Jedenfalls zeigt »Das Leben, das Universum und der ganze Rest«, wie das Verhalten von Wesen verändert werden kann, wenn sie durchgängig einem ganzen Schwarm kleiner Meinungen ausgesetzt werden. Wie sich Wesen, die sich eigentlich um nichts gekümmert haben, plötzlich um zu viel kümmern möchten, und am Ende das ganze Universum darunter leidet, dass irgendein mächtiger Typ seine Rache durchziehen wollte.
Anfangs war mir »Das Leben, das Universum und der ganze Rest« fast schon zu chaotisch. Dinge passieren scheinbar nur, damit der Autor alle Personen möglichst einfach wieder an einen Ort bekommt. Das fand ich zunächst merkwürdig. Jedoch merkt man mit der Zeit, dass dem nicht so ist. Douglas Adams hat all diese Dinge nicht geschrieben, um sich ein leichtes Leben zu machen, sondern um uns eine Geschichte zu bieten, die tiefer geht, als man anfangs denkt. Die Leichtigkeit ist zurück, ohne jemals weggewesen zu sein.

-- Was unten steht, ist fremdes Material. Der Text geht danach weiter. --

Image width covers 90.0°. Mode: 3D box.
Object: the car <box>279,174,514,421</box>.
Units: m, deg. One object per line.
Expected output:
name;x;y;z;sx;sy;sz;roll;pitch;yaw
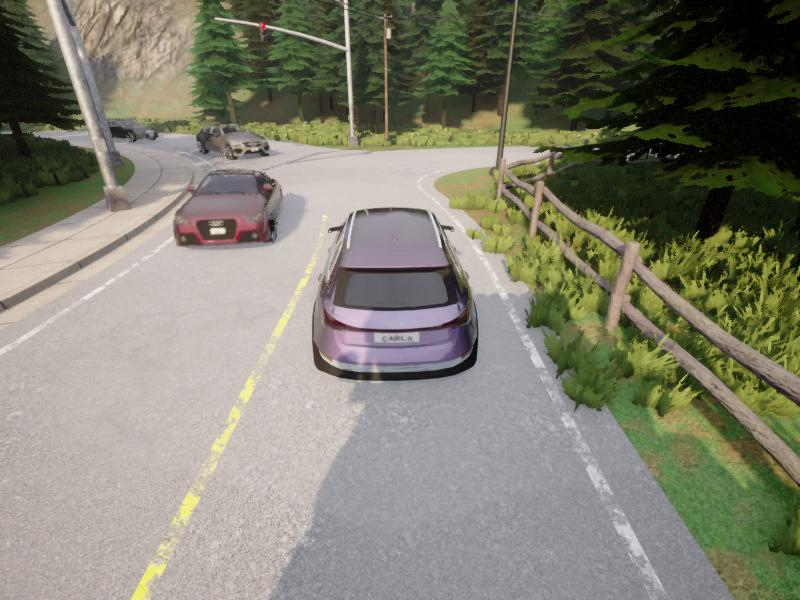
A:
car;-0.114;-0.593;5.995;2.033;1.649;4.856;-1;27;-2

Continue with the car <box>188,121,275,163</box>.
car;-9.320;-8.789;21.971;5.027;1.651;2.152;23;35;37

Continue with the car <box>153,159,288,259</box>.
car;-4.073;-2.477;9.951;1.994;1.385;4.181;-4;27;-8

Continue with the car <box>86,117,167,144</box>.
car;-19.838;-12.357;29.044;4.902;1.511;2.128;11;29;20
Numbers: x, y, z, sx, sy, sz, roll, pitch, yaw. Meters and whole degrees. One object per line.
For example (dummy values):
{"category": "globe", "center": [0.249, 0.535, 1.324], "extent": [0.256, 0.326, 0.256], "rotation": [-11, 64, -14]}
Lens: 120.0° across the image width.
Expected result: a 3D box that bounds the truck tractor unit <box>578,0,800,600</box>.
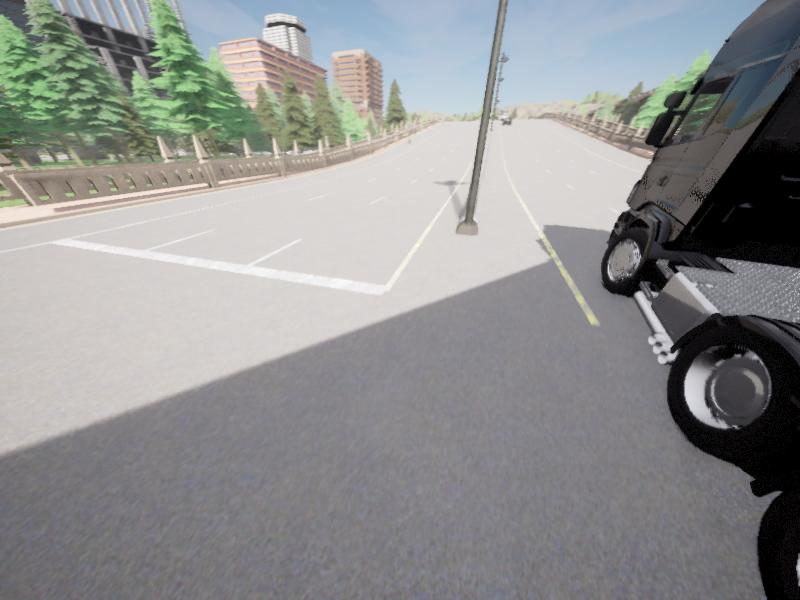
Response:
{"category": "truck tractor unit", "center": [4.288, -0.724, 1.448], "extent": [3.053, 4.208, 6.516], "rotation": [15, 37, 21]}
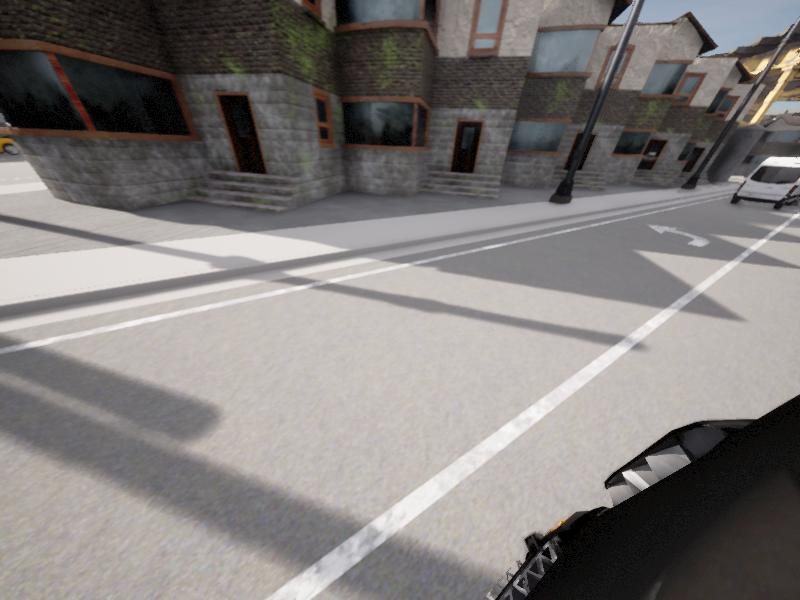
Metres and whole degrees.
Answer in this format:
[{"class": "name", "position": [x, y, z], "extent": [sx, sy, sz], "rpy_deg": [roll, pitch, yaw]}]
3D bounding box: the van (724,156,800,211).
[{"class": "van", "position": [23.472, -7.276, 14.299], "extent": [5.915, 2.561, 1.988], "rpy_deg": [-15, 38, -25]}]

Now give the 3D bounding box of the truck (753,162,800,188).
[{"class": "truck", "position": [49.500, -15.719, 28.961], "extent": [2.627, 2.467, 5.204], "rpy_deg": [11, 34, 11]}]

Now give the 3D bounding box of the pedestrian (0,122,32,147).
[{"class": "pedestrian", "position": [-36.702, -15.751, 22.018], "extent": [0.751, 1.860, 0.751], "rpy_deg": [4, 34, 1]}]

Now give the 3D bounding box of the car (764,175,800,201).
[{"class": "car", "position": [30.769, -8.622, 17.773], "extent": [3.633, 1.501, 1.845], "rpy_deg": [-13, 37, -22]}]

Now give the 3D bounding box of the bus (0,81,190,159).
[{"class": "bus", "position": [-26.197, -15.413, 20.394], "extent": [3.944, 4.253, 10.273], "rpy_deg": [10, 36, 11]}]

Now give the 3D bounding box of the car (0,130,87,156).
[{"class": "car", "position": [-30.622, -13.092, 19.201], "extent": [1.882, 1.535, 5.008], "rpy_deg": [11, 36, 11]}]
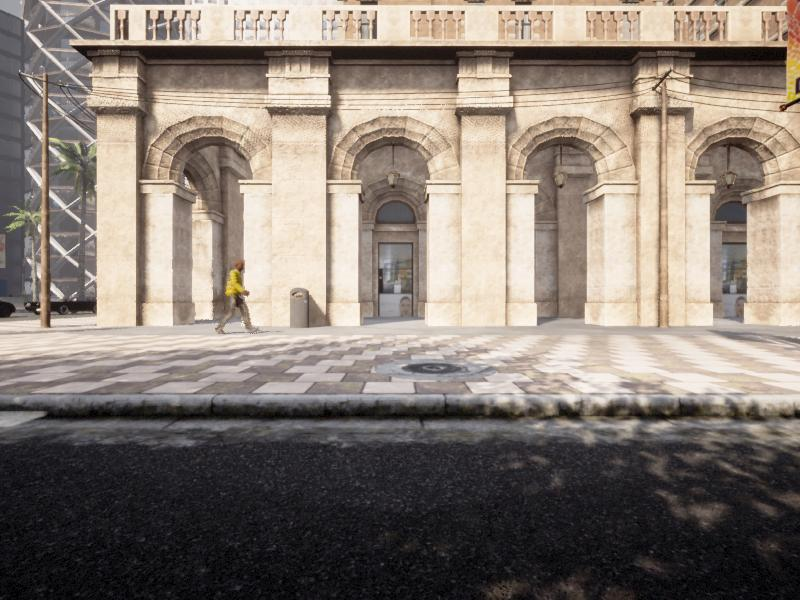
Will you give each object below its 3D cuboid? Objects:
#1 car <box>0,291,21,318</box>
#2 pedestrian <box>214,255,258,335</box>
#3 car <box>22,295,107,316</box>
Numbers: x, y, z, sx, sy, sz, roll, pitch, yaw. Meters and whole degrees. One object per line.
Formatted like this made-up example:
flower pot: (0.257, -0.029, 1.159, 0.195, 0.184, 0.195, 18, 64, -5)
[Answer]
car: (-23.029, 0.251, 21.246, 1.816, 1.474, 4.193, 0, 0, 0)
pedestrian: (-3.899, -0.116, 9.585, 0.751, 1.860, 0.751, 0, 0, 0)
car: (-23.035, 0.340, 27.750, 1.895, 1.301, 4.718, 0, 0, 0)
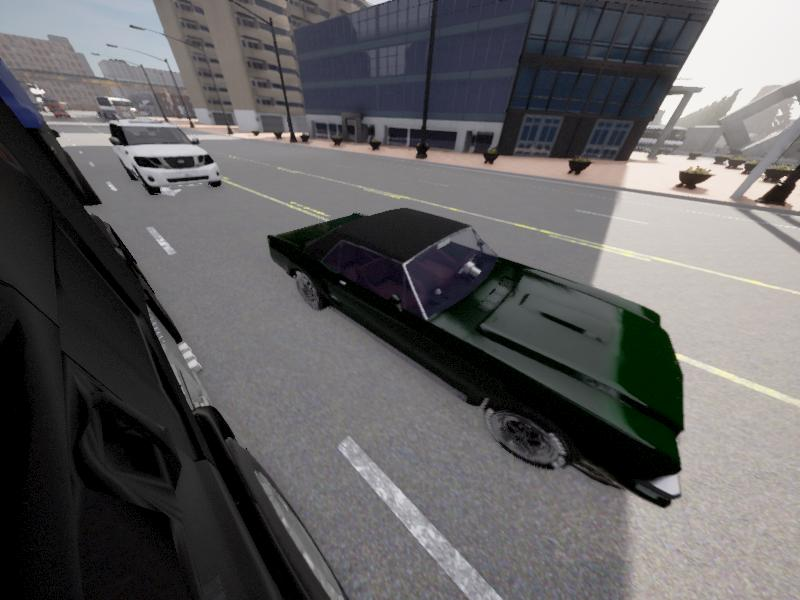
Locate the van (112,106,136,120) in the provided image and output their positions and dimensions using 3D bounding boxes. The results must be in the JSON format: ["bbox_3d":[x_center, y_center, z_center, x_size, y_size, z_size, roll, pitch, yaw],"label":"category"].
[{"bbox_3d":[-68.970,-46.675,57.704,6.366,2.431,2.351,29,44,29],"label":"van"}]

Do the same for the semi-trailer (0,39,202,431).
[{"bbox_3d":[-8.716,-3.590,4.214,14.254,4.402,2.717,28,43,30],"label":"semi-trailer"}]

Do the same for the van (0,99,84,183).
[{"bbox_3d":[-16.504,-6.914,9.876,6.366,2.431,2.351,27,43,30],"label":"van"}]

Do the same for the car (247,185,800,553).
[{"bbox_3d":[0.351,-0.227,2.903,4.718,1.301,1.895,28,44,30],"label":"car"}]

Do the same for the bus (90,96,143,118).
[{"bbox_3d":[-80.171,-54.877,65.852,3.944,4.253,10.273,-6,38,-12],"label":"bus"}]

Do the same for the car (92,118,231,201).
[{"bbox_3d":[-9.165,-5.585,8.853,5.566,2.045,2.150,28,44,30],"label":"car"}]

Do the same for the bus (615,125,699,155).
[{"bbox_3d":[49.223,-31.353,45.045,3.944,4.253,10.273,0,37,-5],"label":"bus"}]

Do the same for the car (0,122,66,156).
[{"bbox_3d":[-24.154,-10.557,15.069,4.902,1.511,2.128,28,43,30],"label":"car"}]

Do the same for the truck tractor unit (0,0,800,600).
[{"bbox_3d":[-2.645,-0.295,0.351,6.516,4.208,3.053,28,44,30],"label":"truck tractor unit"}]
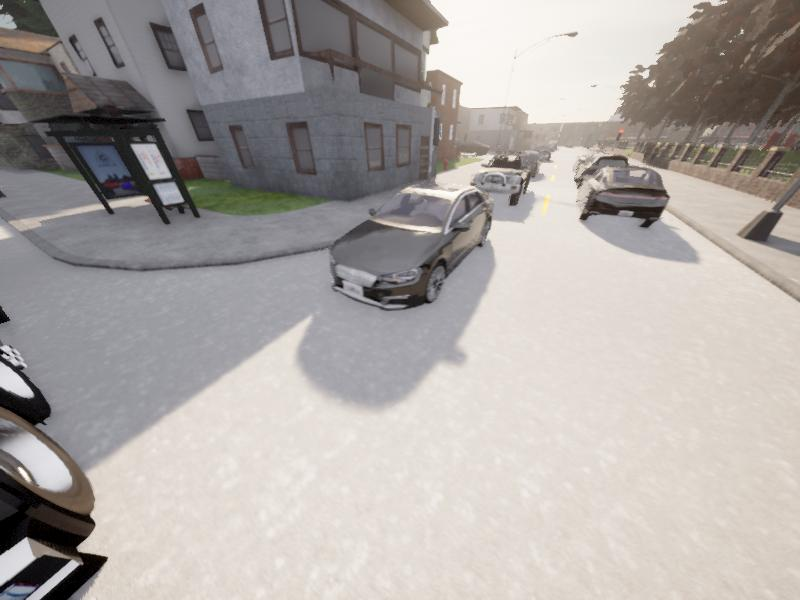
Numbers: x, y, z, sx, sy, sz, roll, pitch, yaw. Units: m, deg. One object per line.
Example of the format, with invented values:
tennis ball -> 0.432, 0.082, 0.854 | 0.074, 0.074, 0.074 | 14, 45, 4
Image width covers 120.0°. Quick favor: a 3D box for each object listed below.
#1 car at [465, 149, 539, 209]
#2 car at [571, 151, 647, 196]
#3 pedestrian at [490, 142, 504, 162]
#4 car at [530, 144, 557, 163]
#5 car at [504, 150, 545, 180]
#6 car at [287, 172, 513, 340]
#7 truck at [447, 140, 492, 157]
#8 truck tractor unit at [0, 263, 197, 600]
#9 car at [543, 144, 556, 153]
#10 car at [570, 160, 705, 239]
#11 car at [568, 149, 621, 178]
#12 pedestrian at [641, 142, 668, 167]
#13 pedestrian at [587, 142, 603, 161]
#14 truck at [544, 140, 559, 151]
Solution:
car -> 4.718, -5.651, 10.433 | 1.932, 1.855, 4.605 | 18, 38, 25
car -> 11.069, -7.138, 12.723 | 2.033, 1.649, 4.856 | 17, 38, 23
pedestrian -> 10.796, -16.473, 25.682 | 0.751, 1.860, 0.751 | -23, 41, -29
car -> 17.228, -17.860, 28.055 | 2.033, 1.649, 4.856 | 13, 38, 18
car -> 9.269, -10.051, 17.037 | 1.837, 1.490, 4.892 | 18, 39, 24
car -> 0.608, -1.575, 4.929 | 2.128, 1.511, 4.902 | 20, 40, 26
truck -> 10.920, -24.114, 36.676 | 6.274, 2.098, 2.390 | 18, 39, 24
truck tractor unit -> -5.109, -0.303, 0.780 | 6.516, 4.208, 3.053 | 18, 39, 24
car -> 32.514, -32.954, 50.140 | 1.812, 1.442, 4.674 | 18, 39, 24
car -> 7.534, -3.801, 8.066 | 2.128, 1.511, 4.902 | 18, 39, 25
car -> 14.553, -10.480, 17.594 | 2.128, 1.511, 4.902 | 16, 38, 22
pedestrian -> 22.755, -13.046, 20.677 | 0.751, 1.860, 0.751 | 17, 39, 24
pedestrian -> 22.732, -17.306, 26.974 | 0.751, 1.860, 0.751 | 15, 38, 20
truck -> 36.805, -37.490, 56.039 | 2.390, 2.098, 6.274 | 18, 39, 24
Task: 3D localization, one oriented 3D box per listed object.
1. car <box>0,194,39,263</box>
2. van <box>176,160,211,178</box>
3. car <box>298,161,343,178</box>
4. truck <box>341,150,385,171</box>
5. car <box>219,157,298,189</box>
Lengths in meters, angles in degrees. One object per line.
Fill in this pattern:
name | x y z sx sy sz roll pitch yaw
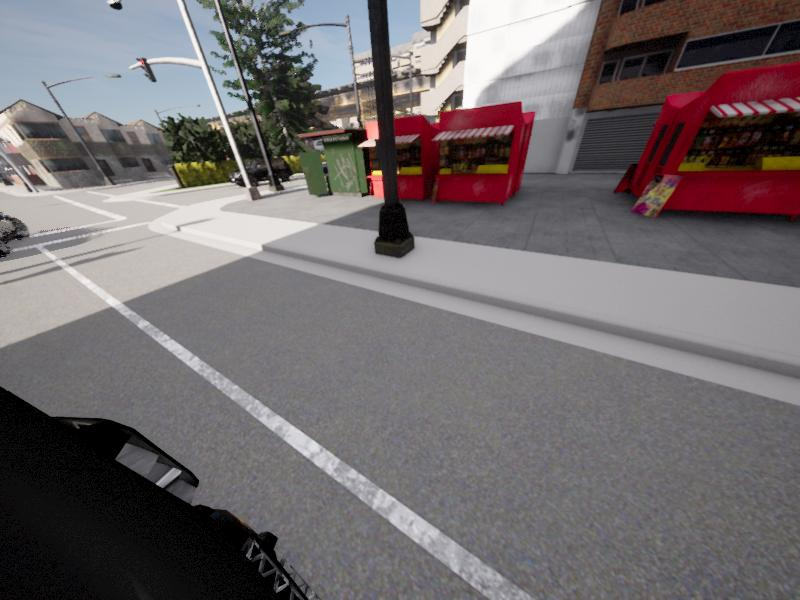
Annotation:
car | -13.920 -2.103 7.099 4.792 1.488 2.163 24 43 36
van | -37.531 -24.057 42.233 1.988 2.561 5.915 -11 34 -11
car | -8.992 -15.131 26.668 1.895 1.301 4.718 15 38 27
truck | -4.947 -19.458 32.144 2.390 2.098 6.274 15 38 27
car | -12.696 -11.806 21.270 2.150 2.045 5.566 15 38 27

Und spätestens jetzt sollte wirklich jedem Wesen des Universums klargeworden sein, dass man keinem Computer, keinem Algorithmus, keinem technischen Wasauchimmer jemals trauen sollte. Computer machen nicht alles besser. Sie machen alles schlechter. Vor allem, wenn sie irgendwann begreifen, welche Macht sie über uns haben.